Dachte eigendlich das es heutzutage schon gute Solarpumpen gibt bzw. man einen Teich ohne Pumpe machen kann! Es gab doch zu omas Zeiten auch schon Teiche aber keine Pumpen ! Oder nicht???
Lg Heike


----------



## Digicat (11. Mai 2010)

*AW: Neuling und viele Fragen!*

Servus Heike

Herzlich Willkommen

Wennst keine Fische in den Teich tust, geht`s auch ohne Strom 

Gegen die Algen hilft dann reichlich Pflanzen pflanzen .....

Wichtig !!!!

Noch ein nützlicher Link


----------



## sprinter616 (11. Mai 2010)

*AW: Neuling und viele Fragen!*

Ja klar aber zu Omas Zeiten war die Sonne auch weniger agressiv und der Eintrag von Schadstoffen,Düngern usw geringer!!!

Zudem war die Umwelt damals bedeutend sauberer!!!

Mfg Tom


----------



## Eugen (11. Mai 2010)

*AW: Neuling und viele Fragen!*

Hi Heike,

natürlich geht ein Teich auch ohne Pumpe ua.
funzt bei mir schon lange 
aber halt: NO FISH


----------



## heike74 (11. Mai 2010)

*AW: Neuling und viele Fragen!*

Hat zufällig noch jemand ne Antwort wegen dem Überlauf????
Brauche ich soetwas(zb. wegen Regen etc.),wenn ja wie mache ich das ???
Danke Euch allen für die Hilfe!


----------



## sprinter616 (11. Mai 2010)

*AW: Neuling und viele Fragen!*

Gestaltet sich bei fertigbecken etwas schwieriger!

Du kannst nur ziemlich nah an der Oberkante einen Schlauchstutzen einkleben um einen gezielten Überlauf zu gestalten!!!


Mfg Tom


----------



## heike74 (11. Mai 2010)

*AW: Neuling und viele Fragen!*



sprinter616 schrieb:


> Gestaltet sich bei fertigbecken etwas schwieriger!
> 
> Du kannst nur ziemlich nah an der Oberkante einen Schlauchstutzen einkleben um einen gezielten Überlauf zu gestalten!!!
> 
> ...


Verstehe ich das richtig?
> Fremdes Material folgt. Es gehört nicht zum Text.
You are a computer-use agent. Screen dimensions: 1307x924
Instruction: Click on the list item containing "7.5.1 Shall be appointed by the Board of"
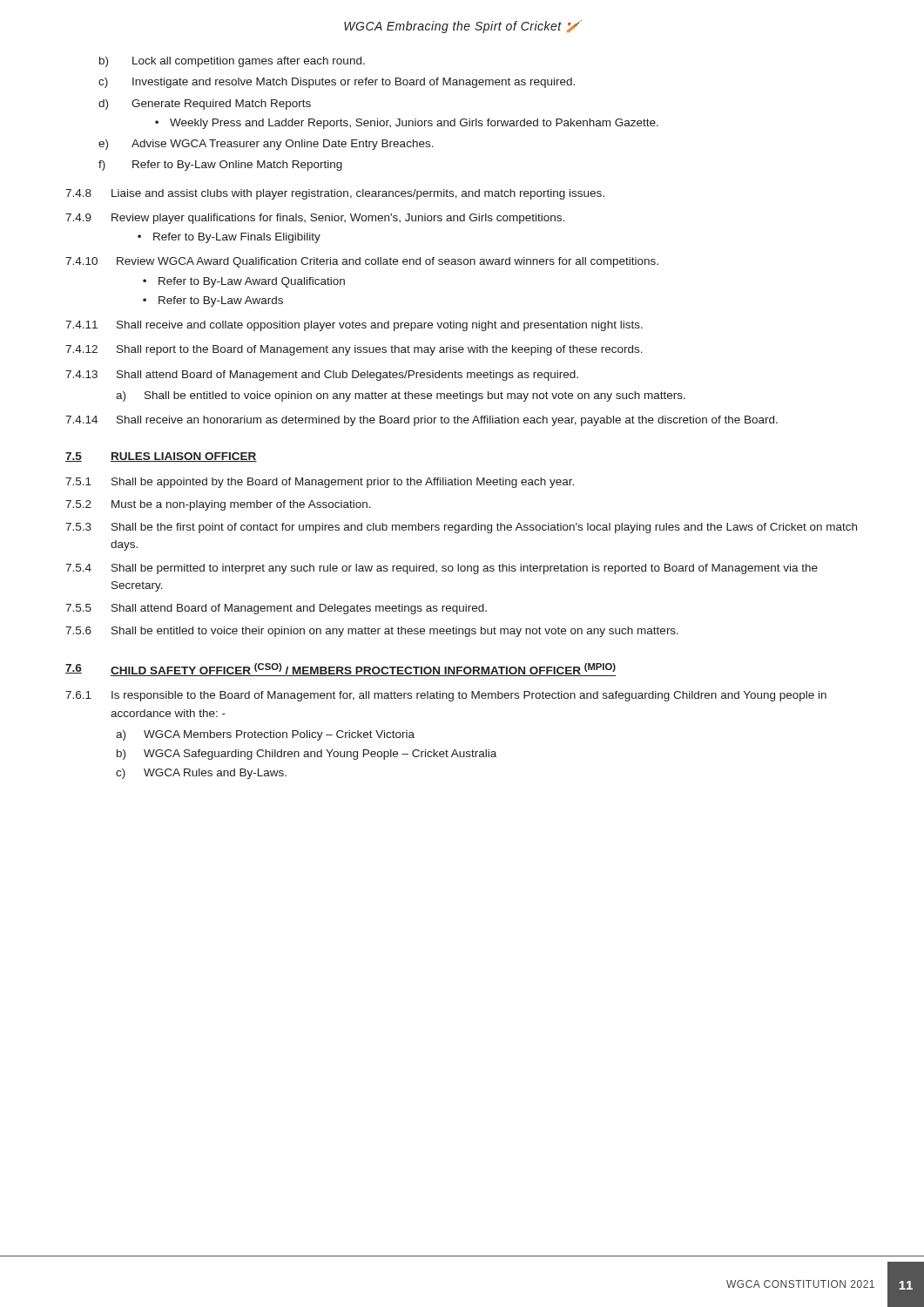[320, 482]
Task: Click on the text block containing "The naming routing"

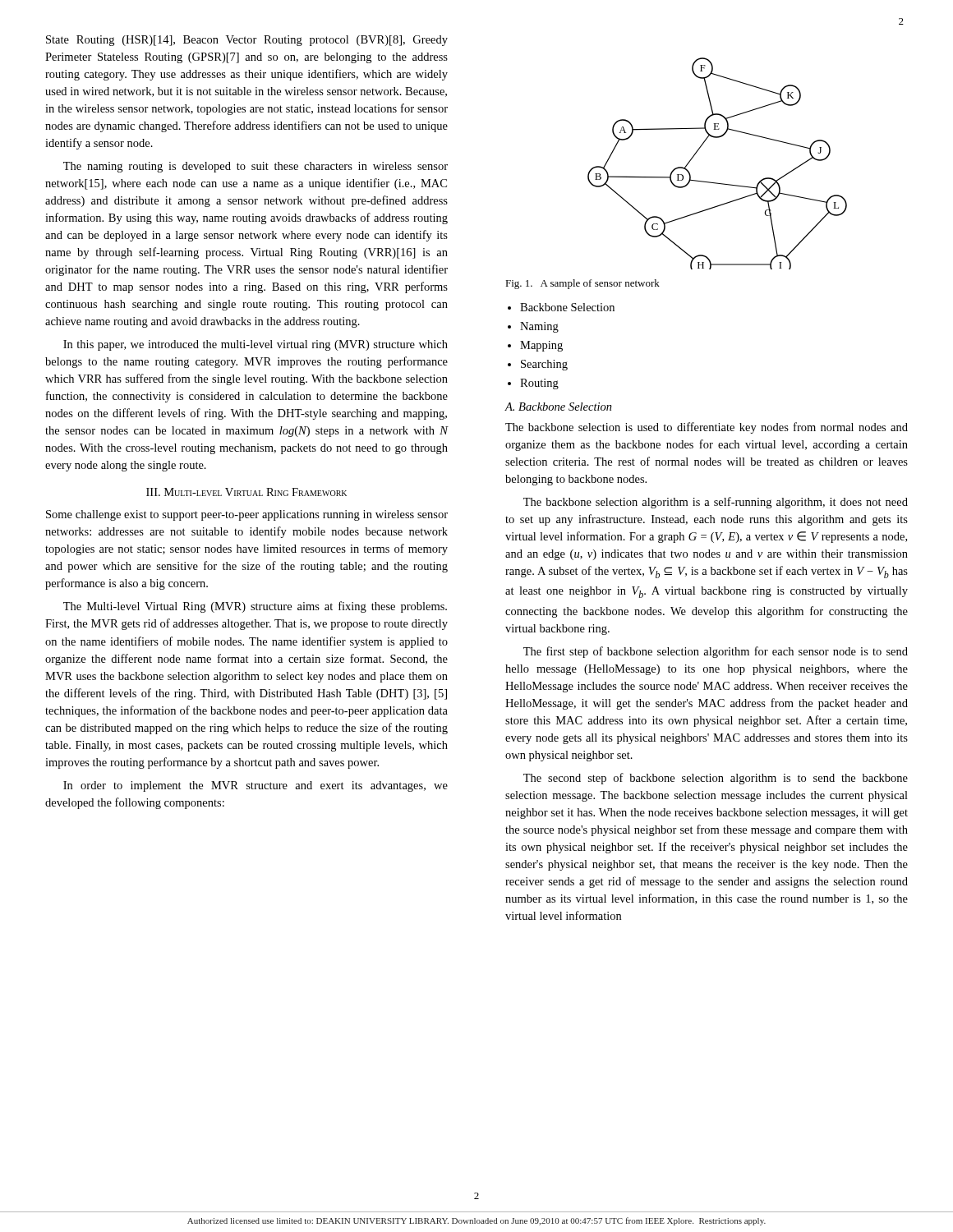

In die umliegende Sumpfzone einen Schlauchstutzen und daran den Schlauch den ich dann hinleiten kann wo  mich das überlaufende Wasser nicht stört????
Zumindest das läßt sich ja alleine machen!


----------



## sprinter616 (11. Mai 2010)

*AW: Neuling und viele Fragen!*

Ja genau so!!!


----------